» What you should do
Look through the records below for the line with "Reply in this". Return that line and each one after it up to and including the line with "1) small box at [717, 630, 800, 732]", exactly.

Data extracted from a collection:
· · · · ·

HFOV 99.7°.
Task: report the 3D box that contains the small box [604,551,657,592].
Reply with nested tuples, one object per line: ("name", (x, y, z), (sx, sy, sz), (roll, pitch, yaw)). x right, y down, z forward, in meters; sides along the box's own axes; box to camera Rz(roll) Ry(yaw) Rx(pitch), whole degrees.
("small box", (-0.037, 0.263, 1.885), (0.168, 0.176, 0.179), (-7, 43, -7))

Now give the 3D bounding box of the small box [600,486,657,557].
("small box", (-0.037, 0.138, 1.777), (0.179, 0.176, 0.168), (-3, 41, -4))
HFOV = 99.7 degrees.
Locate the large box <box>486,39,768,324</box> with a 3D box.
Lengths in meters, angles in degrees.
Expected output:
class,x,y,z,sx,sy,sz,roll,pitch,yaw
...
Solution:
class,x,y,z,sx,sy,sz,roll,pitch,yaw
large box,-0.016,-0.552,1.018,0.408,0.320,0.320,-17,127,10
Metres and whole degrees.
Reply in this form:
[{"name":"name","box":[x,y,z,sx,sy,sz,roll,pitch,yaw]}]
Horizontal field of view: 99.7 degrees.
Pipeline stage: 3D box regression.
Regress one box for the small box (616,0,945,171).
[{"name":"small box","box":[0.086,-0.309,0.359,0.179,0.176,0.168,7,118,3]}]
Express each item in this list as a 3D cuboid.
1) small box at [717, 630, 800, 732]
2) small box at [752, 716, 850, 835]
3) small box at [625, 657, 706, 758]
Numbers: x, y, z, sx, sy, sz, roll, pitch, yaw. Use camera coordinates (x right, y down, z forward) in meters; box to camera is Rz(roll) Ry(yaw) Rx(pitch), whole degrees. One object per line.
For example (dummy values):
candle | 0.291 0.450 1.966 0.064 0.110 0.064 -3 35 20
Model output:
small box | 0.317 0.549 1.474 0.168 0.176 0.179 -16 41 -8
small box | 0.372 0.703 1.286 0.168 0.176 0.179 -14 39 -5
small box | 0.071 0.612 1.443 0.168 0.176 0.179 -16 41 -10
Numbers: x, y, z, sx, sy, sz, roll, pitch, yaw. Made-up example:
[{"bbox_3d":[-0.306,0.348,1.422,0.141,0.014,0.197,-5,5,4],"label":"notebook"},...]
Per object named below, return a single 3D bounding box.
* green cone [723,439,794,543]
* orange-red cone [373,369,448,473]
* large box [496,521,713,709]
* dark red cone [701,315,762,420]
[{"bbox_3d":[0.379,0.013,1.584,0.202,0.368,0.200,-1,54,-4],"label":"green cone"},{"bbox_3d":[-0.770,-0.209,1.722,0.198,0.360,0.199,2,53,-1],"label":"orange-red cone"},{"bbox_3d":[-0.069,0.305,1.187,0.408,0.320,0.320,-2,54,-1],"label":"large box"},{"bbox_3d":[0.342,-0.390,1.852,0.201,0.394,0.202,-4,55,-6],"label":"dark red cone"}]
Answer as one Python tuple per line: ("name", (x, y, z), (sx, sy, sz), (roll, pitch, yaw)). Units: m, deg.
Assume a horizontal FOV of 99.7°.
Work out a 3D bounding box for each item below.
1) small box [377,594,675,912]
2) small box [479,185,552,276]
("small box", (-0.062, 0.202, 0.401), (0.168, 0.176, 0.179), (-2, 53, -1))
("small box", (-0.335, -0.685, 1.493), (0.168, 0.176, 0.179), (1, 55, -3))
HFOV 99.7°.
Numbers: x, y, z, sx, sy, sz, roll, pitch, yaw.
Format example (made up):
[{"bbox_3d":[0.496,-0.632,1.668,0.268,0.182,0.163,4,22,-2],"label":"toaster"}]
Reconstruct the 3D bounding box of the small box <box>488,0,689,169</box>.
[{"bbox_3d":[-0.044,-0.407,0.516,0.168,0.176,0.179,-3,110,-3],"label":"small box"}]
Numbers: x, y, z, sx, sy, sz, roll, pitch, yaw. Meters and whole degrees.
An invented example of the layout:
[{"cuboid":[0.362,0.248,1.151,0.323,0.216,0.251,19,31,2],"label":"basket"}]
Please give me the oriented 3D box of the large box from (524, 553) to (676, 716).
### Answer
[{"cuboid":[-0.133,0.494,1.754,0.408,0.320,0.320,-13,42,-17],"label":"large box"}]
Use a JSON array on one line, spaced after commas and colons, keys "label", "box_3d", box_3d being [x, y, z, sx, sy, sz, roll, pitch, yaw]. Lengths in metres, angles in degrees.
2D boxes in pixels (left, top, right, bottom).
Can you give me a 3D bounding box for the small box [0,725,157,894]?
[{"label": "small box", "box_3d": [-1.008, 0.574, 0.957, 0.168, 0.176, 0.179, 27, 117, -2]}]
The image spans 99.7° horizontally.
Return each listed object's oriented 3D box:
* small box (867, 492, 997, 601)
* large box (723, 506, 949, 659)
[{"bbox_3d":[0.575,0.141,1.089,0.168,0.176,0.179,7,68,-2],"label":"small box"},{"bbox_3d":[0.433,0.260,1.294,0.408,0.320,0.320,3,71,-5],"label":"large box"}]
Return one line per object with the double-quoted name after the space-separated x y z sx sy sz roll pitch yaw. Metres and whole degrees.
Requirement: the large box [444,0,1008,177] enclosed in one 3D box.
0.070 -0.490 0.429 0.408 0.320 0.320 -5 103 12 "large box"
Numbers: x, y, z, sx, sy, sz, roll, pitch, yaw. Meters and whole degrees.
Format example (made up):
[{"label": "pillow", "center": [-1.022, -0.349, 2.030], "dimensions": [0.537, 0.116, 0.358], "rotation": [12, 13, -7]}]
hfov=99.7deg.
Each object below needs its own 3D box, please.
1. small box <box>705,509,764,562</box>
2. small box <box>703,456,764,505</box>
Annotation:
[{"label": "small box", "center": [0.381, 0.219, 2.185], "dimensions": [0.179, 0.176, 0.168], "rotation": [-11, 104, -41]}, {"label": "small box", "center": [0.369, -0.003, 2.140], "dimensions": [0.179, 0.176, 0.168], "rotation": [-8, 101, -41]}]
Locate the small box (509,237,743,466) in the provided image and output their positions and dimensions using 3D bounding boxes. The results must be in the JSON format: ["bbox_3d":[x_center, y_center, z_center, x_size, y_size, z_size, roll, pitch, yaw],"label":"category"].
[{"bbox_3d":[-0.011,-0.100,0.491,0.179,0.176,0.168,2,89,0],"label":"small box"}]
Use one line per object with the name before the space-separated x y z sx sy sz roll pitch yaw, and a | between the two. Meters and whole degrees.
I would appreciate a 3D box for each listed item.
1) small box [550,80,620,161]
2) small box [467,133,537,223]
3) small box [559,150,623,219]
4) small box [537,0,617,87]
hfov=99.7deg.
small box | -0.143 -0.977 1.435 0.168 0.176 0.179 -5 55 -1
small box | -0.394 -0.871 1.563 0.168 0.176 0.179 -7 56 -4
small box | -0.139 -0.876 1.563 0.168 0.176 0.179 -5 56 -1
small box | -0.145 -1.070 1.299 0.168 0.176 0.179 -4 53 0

· · · · ·

» Result of this task
Reply in this form:
[{"name":"name","box":[x,y,z,sx,sy,sz,roll,pitch,yaw]}]
Horizontal field of view: 99.7 degrees.
Pipeline stage: 3D box regression.
Regress one box for the small box (616,0,945,171).
[{"name":"small box","box":[0.086,-0.309,0.359,0.179,0.176,0.168,7,118,3]}]
Express each item in this list as a 3D cuboid.
1) small box at [717, 630, 800, 732]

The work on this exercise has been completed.